Indeed, increases in inequality of market income in the western world can be attributed to increasing returns to skills – you can earn more and more if you are more literate and more numerate.
The real work achieving the opposition’s purported objectives is being done on the supply sides of the housing and education sectors, and I’m proud to support and encourage this government in this work.
In conclusion I am proud to support this bill and hope that this government will one day pursue best practice policy by confronting the fallacies that underlie too much of our labour law legislation.
The duty to enter into and conclude bargaining should be gone.
The duty to retain staff under Section 6A almost unconditionally dependent on the type of employee, and now the type of business, should be gone.
Doing so would put us in touch with the labour market of the 21st century, whose businesses succeed or fail based on their ability to attract and retain workers.

Friday, October 31, 2014

Marriage and wealth

NCPA has a report about marriage and wealth:

If the United States had a married parenthood rate at the same level that it had in 1980, the median income of families with children would increase by 44 percent.

Without doing the numbers it is certain the same effect would be seen in NZ.

Although (referring back to yesterday's post about the shortcomings of measuring poverty relatively), ironically, there would still be a percentage of children living on incomes 60 percent or less of the median income despite being much wealthier. Child poverty would persist!

Thursday, October 30, 2014

The ambiguity of measuring 'poverty' relatively

The release of UNICEF's Children of the Recession report has once again triggered a discussion about the shortcomings of measuring poverty relatively.

We all understand how this method can throw up ambiguous outcomes but it's not always easy to explain.

The following is straight from the Household Incomes Report, the official poverty statistics source:



o    when all incomes at and below the median rise, but the median rises more quickly than lower incomes, then poverty is reported as increasing despite low incomes increasing
o    when all incomes at and below the median fall at similar rates, poverty is reported as not changing even though low-income households are in much more difficult circumstances after the reduction in their incomes. 


Clearly, nobody is a winner when a country gets poorer even if fewer people are described as 'in poverty'.

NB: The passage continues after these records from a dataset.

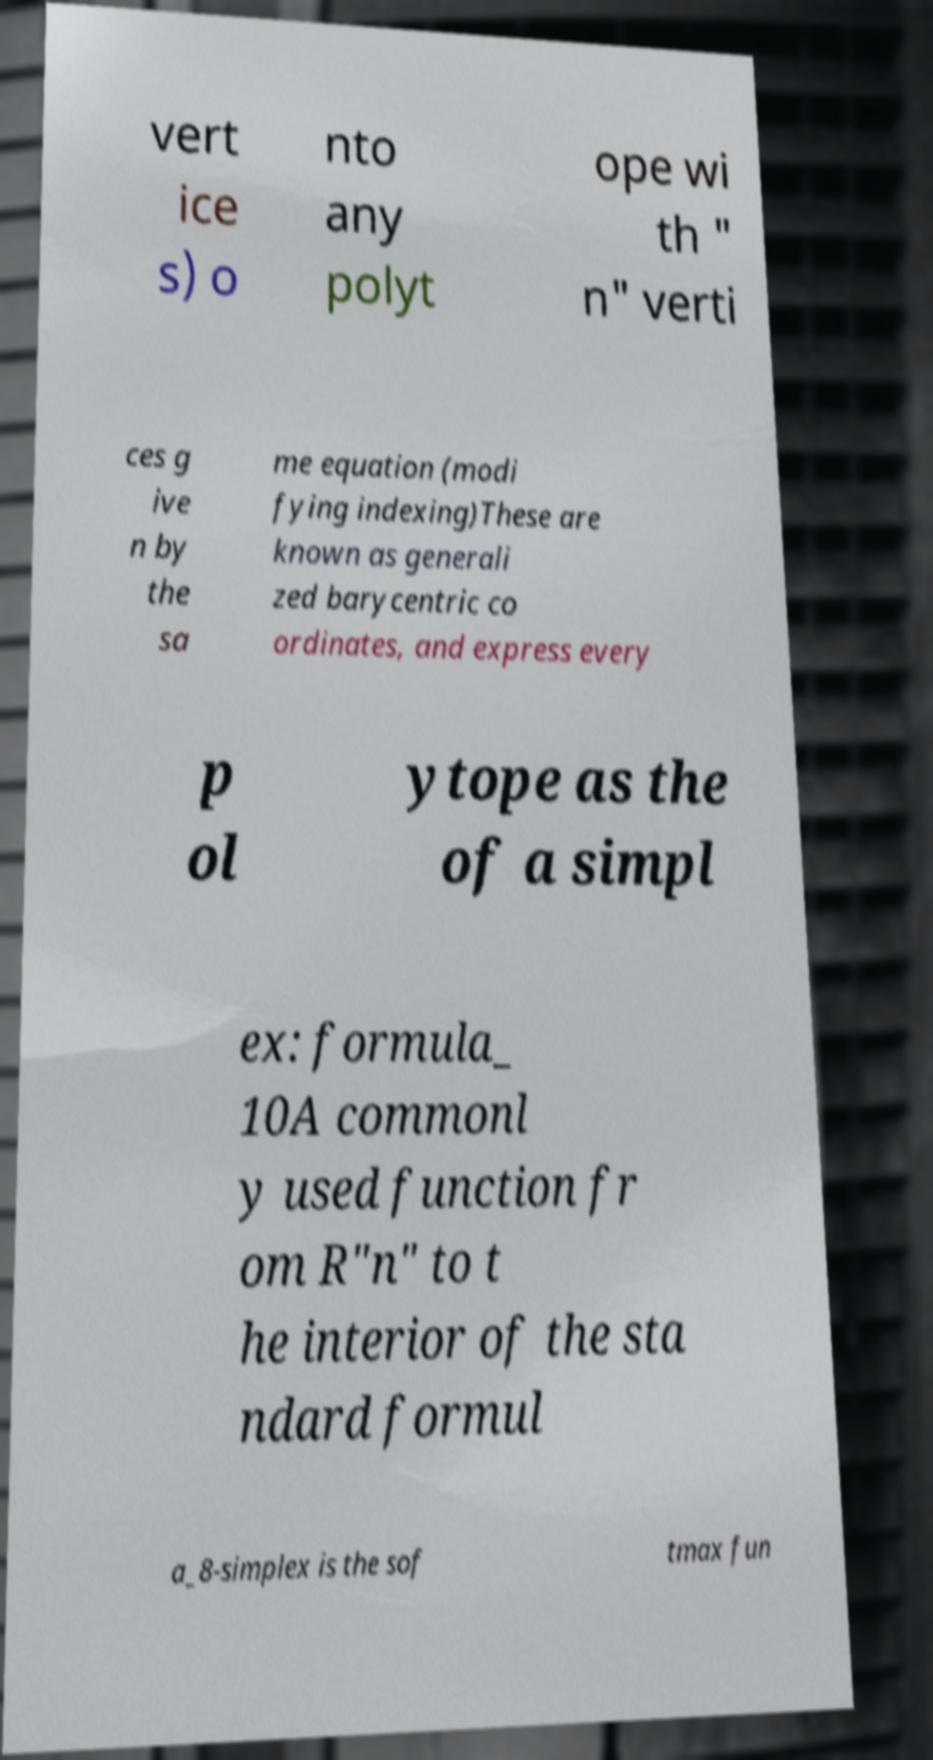What messages or text are displayed in this image? I need them in a readable, typed format. vert ice s) o nto any polyt ope wi th " n" verti ces g ive n by the sa me equation (modi fying indexing)These are known as generali zed barycentric co ordinates, and express every p ol ytope as the of a simpl ex: formula_ 10A commonl y used function fr om R"n" to t he interior of the sta ndard formul a_8-simplex is the sof tmax fun 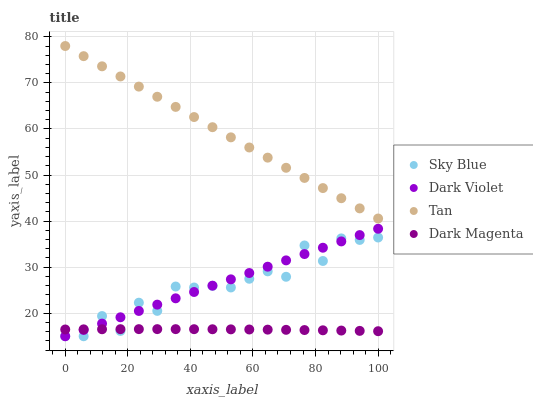Does Dark Magenta have the minimum area under the curve?
Answer yes or no. Yes. Does Tan have the maximum area under the curve?
Answer yes or no. Yes. Does Tan have the minimum area under the curve?
Answer yes or no. No. Does Dark Magenta have the maximum area under the curve?
Answer yes or no. No. Is Dark Violet the smoothest?
Answer yes or no. Yes. Is Sky Blue the roughest?
Answer yes or no. Yes. Is Tan the smoothest?
Answer yes or no. No. Is Tan the roughest?
Answer yes or no. No. Does Sky Blue have the lowest value?
Answer yes or no. Yes. Does Dark Magenta have the lowest value?
Answer yes or no. No. Does Tan have the highest value?
Answer yes or no. Yes. Does Dark Magenta have the highest value?
Answer yes or no. No. Is Dark Violet less than Tan?
Answer yes or no. Yes. Is Tan greater than Dark Violet?
Answer yes or no. Yes. Does Sky Blue intersect Dark Magenta?
Answer yes or no. Yes. Is Sky Blue less than Dark Magenta?
Answer yes or no. No. Is Sky Blue greater than Dark Magenta?
Answer yes or no. No. Does Dark Violet intersect Tan?
Answer yes or no. No. 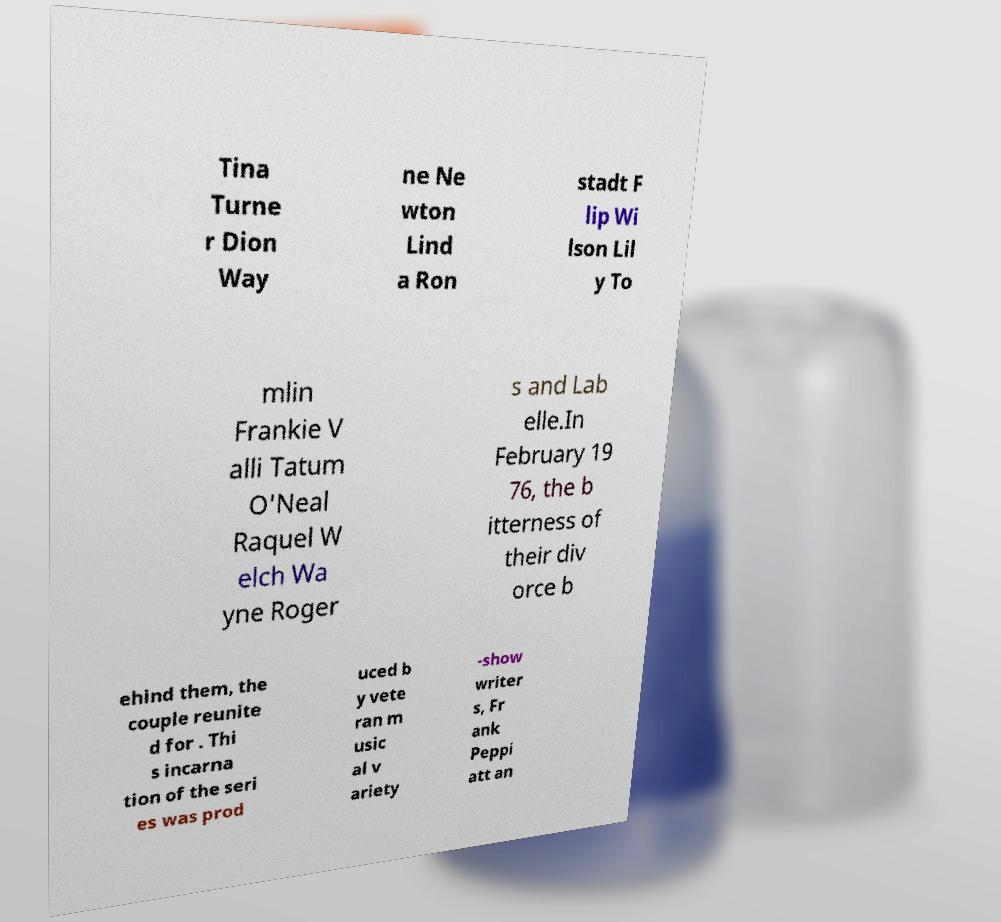Could you assist in decoding the text presented in this image and type it out clearly? Tina Turne r Dion Way ne Ne wton Lind a Ron stadt F lip Wi lson Lil y To mlin Frankie V alli Tatum O'Neal Raquel W elch Wa yne Roger s and Lab elle.In February 19 76, the b itterness of their div orce b ehind them, the couple reunite d for . Thi s incarna tion of the seri es was prod uced b y vete ran m usic al v ariety -show writer s, Fr ank Peppi att an

Feed the Kids Bill - say something

From the Green's blog:

Please help me get my Feed the Kids Bill to Select Committee

Last week I took over the Feed the Kids Bill that Hone Harawira had introduced to Parliament. If passed, my Bill will provide government-funded breakfast and lunch in all decile 1 and 2 schools.
Hungry kids can’t learn and are left trapped in the poverty cycle when they grow up. Let’s break that cycle, lunchbox by lunch box. We can feed the country’s hungry kids, if we work together.
My Bill is at a crucial stage of its progress – part way through its First Reading – and may be voted on as early as next Wednesday 5 November.
The way the numbers stack up in the new Parliament the Bill will be voted down unless we can persuade the National Party to change its position and support it going to Select Committee. National have been talking a lot about child poverty since the election, and supporting my Bill is one way they can start to address it.
You can help me persuade the Prime Minister to let the public have a say on this important issue by emailing  John Key, asking that National support my Bill at least to Select Committee. We need to broaden and build the public debate on addressing child poverty, and submissions on this Bill to a Select Committee will help achieve this.
Because of the potentially short timeframe, you’ll need to send your emails as soon as possible and before Monday 3 November at the latest.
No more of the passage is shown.